地方の需要が消失 マイナス金利の弊害指摘 協同金融研で鳥畑教授2016年5月24日
協同金融研究会(代表=齊藤正・駒沢大学教授)は5月20日、都内で研究会を開き、マイナス金利政策による地域経済と生活への影響をテーマに意見交換した。研究会では静岡大学の鳥畑与一教授が報告。「地域循環のシステムが破壊され、需要が消失している」と、マイナス金利の危うさを指摘した。
鳥畑教授は、マイナス金利政策の有効性をみる場合の視点として、「不況の原因は、供給サイドと需要サイドのどちらにあるのかという疑問に帰着する」と指摘。

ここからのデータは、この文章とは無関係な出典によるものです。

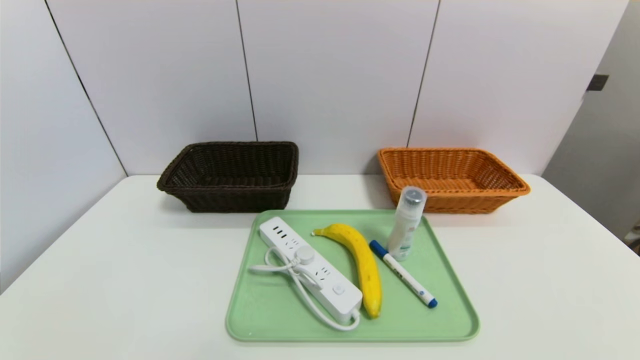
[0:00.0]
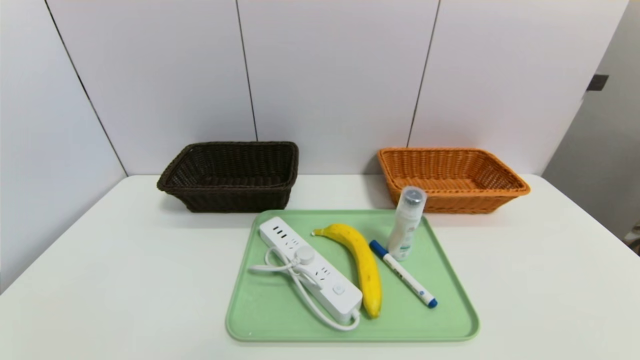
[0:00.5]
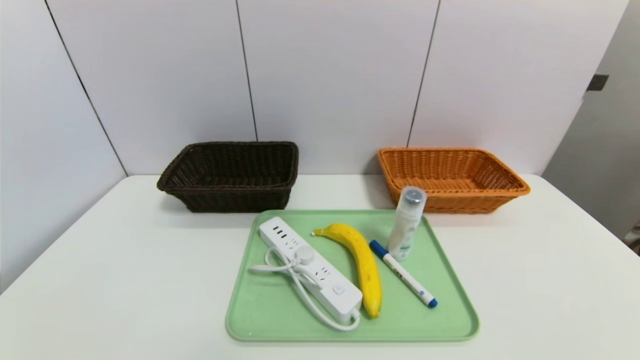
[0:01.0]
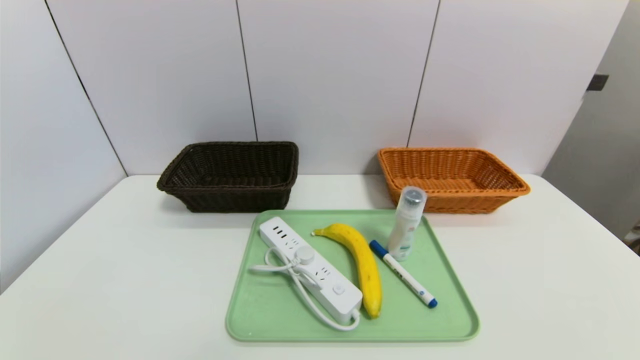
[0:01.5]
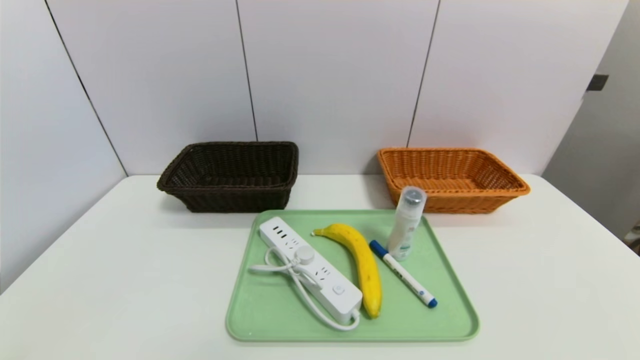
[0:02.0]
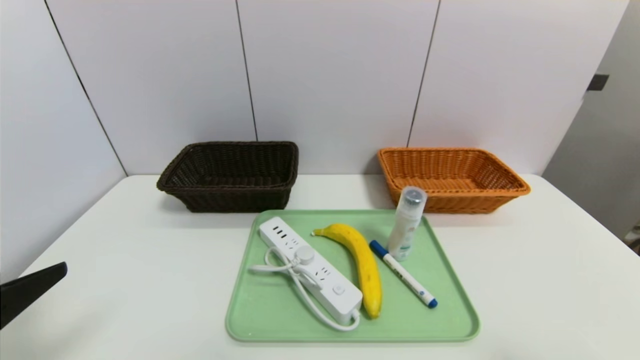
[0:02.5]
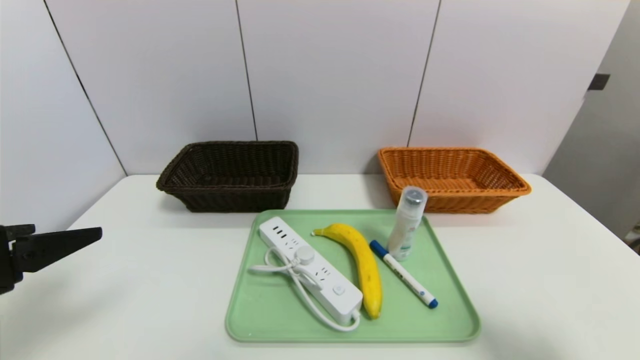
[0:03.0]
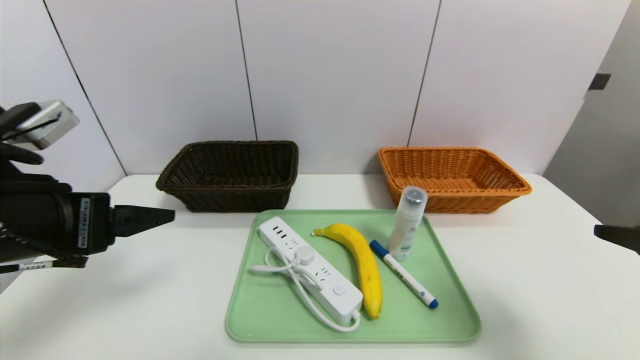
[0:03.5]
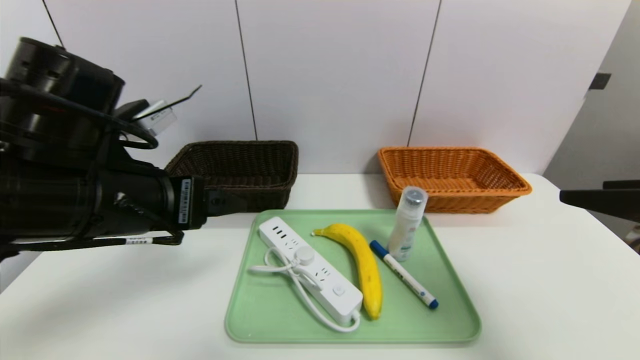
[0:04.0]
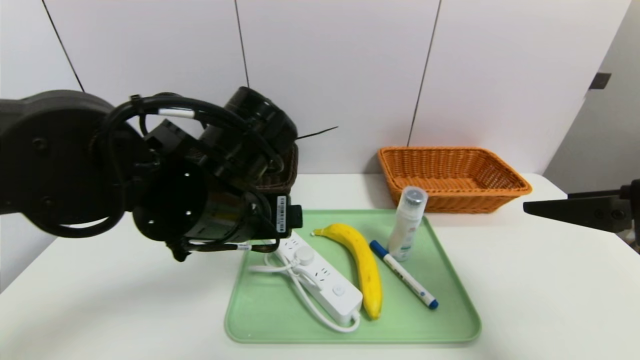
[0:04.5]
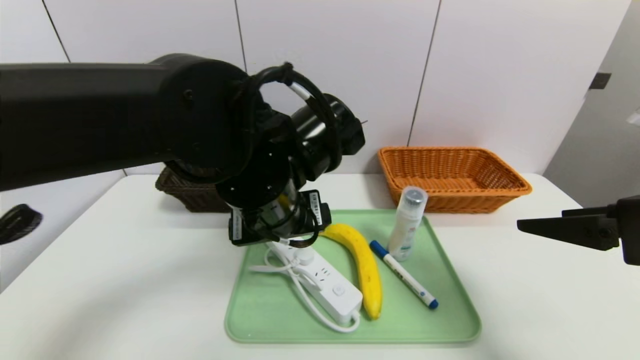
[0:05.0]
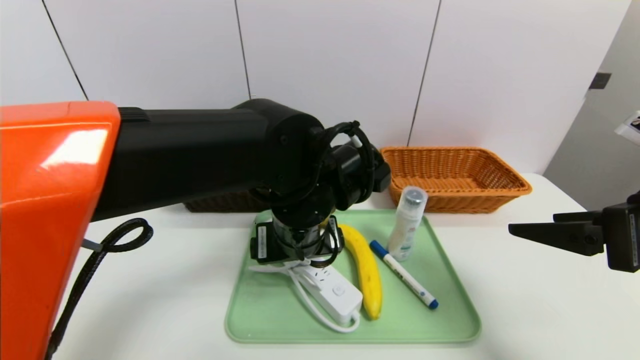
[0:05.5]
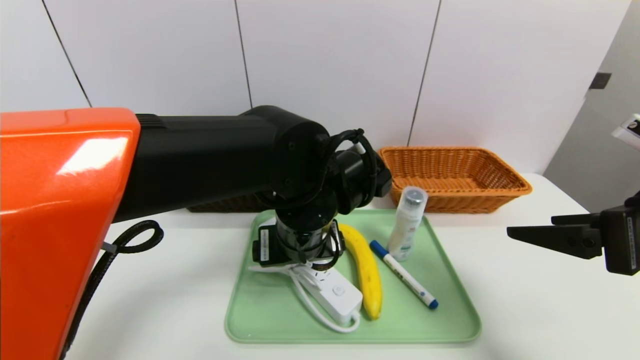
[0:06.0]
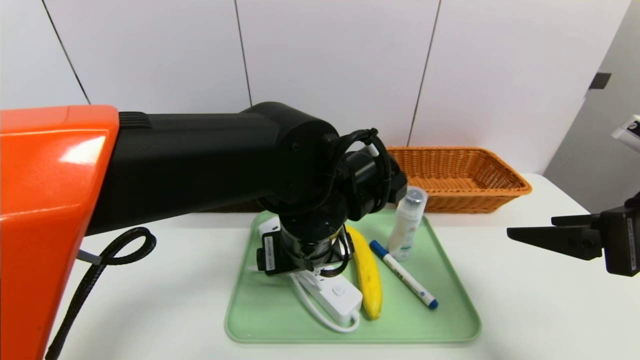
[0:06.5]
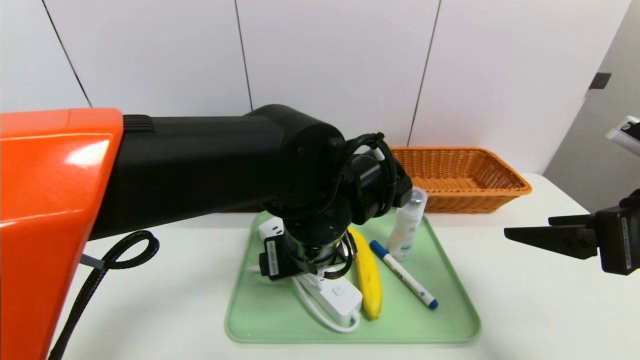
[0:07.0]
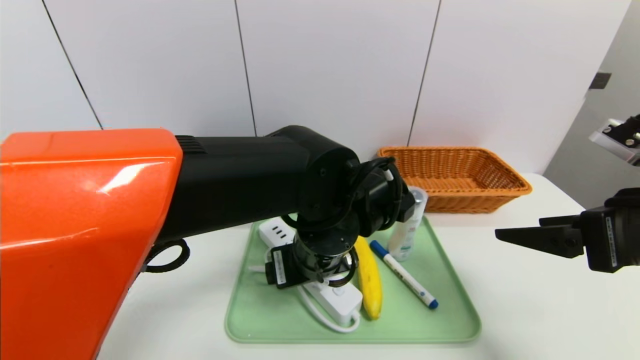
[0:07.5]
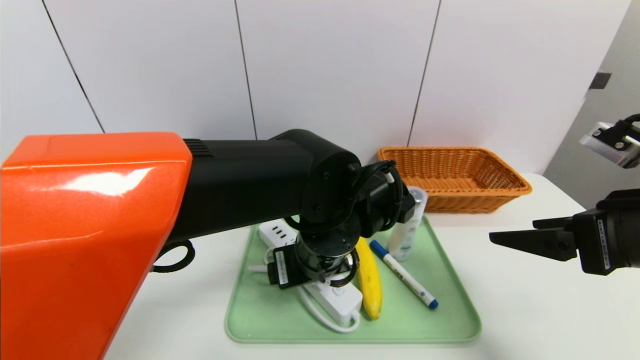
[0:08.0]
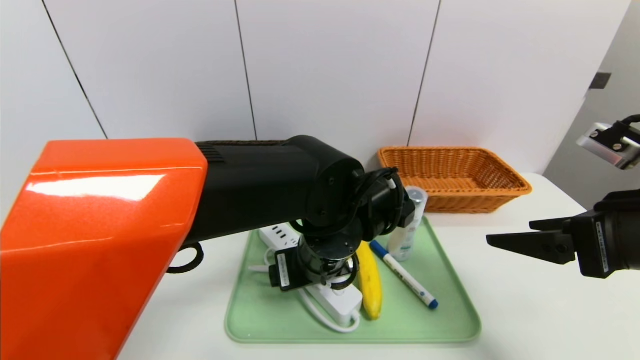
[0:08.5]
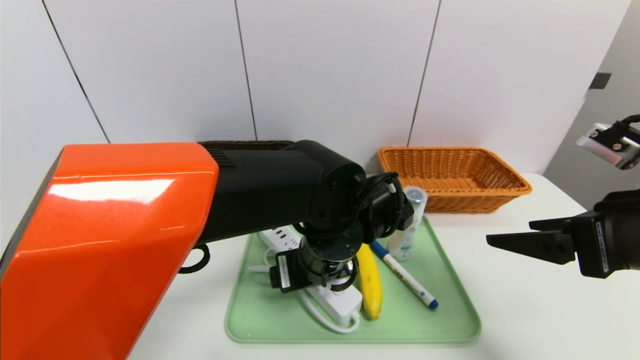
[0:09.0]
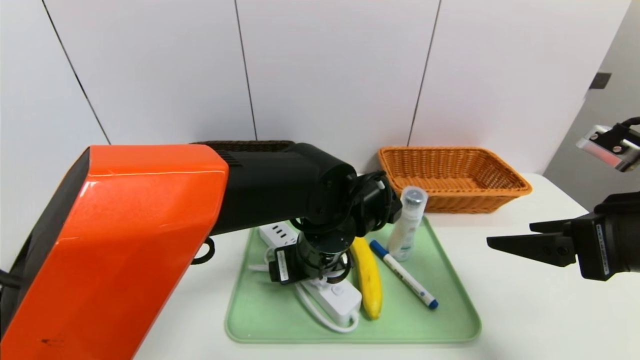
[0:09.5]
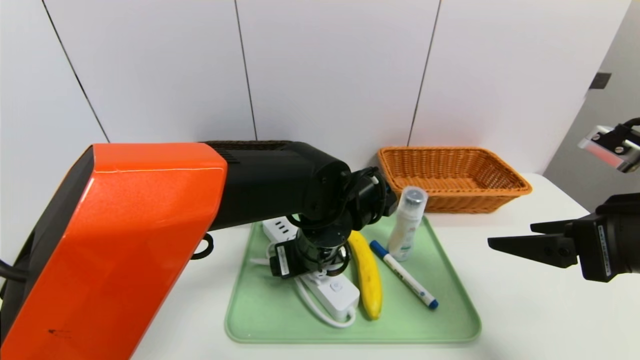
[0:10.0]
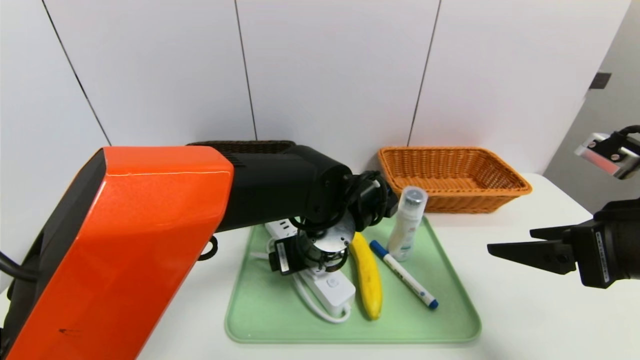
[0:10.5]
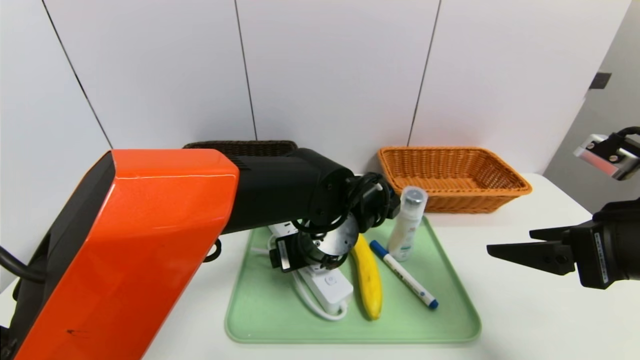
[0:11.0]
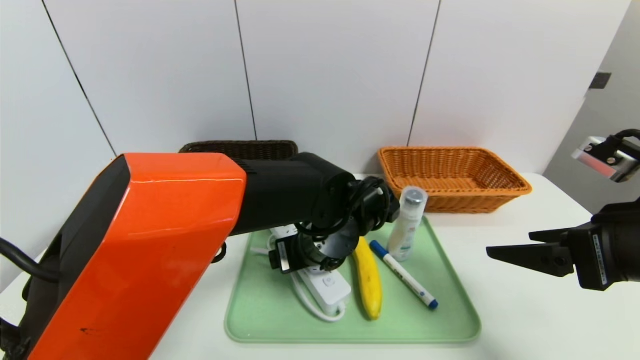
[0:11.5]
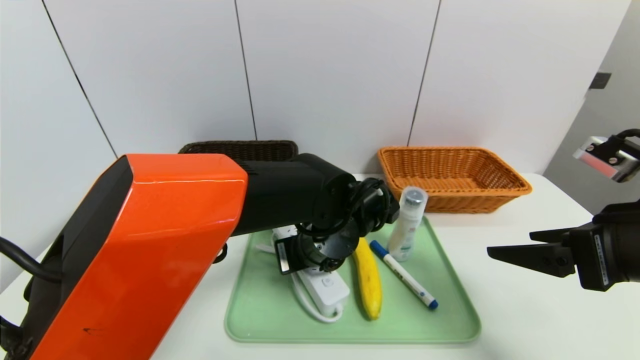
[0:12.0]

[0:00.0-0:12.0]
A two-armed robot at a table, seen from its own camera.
Task of the whole recording: place the food in the right basket with the right gripper, and place the non food items in the left basket with the left gripper.
0:02.0 to 0:04.0: The right gripper goes about 20 cm forward and upward; the left gripper is displaced forward, to the right and upward by approximately 25 cm.
0:04.0 to 0:06.0: The left gripper shifts roughly 20 cm to the right and downward, while the right gripper moves roughly 5 cm.
0:08.0 to 0:10.0: The grippers make only small movements.
0:10.0 to 0:12.0: The left gripper closes up.

供給サイドの制約では、企業側の人件費や税、資金調達などのコスト、技術力や生産性などの収益力がある。つまりこうした制約をクリアできないため新たな投資ができないというわけだ。一方、需要サイドでは少子高齢化や格差の拡大による需要不足がある。
マイナス金利政策は国債利回りのマイナス化を利用して、赤字国債による大規模な需要喚起策で、まずはインフレ状態に誘導することにある。ただ日本には「その余力があるのか、リスクは過小評価できるのか」と同教授は言う。その判断材料に欧州のマイナス金利施策を挙げ、「ユーロ圏のデフレ傾向は継続し、銀行融資も伸び悩んでいる.。効果なしが共通認識になっている」と指摘した。
そのうえで、マイナス金利が地域金融機関や地域の中小零細企業や個人に与える影響について、(1)地域限定で預金・貸出業務中心の地域金融機関は、利ざや縮小の影響が大きい、(2)貯貸率の低い金融機関ほど影響が大きく、証券運用の収益が悪化する、(3)家計部門全体として利子収入が大きく減少する、(4)中小零細企業への安定的な資金供給が困難になる、などの問題点を挙げる。
最後に同教授は、新自由主義に基づく改革は「1%に富が集中する経済システムで、集中した富は結局、タックスヘイブンやファンドとして国際的な短期利益追求や投機に向かう。巨大な需要不足を財政金融政策で解決することはできない」と述べた。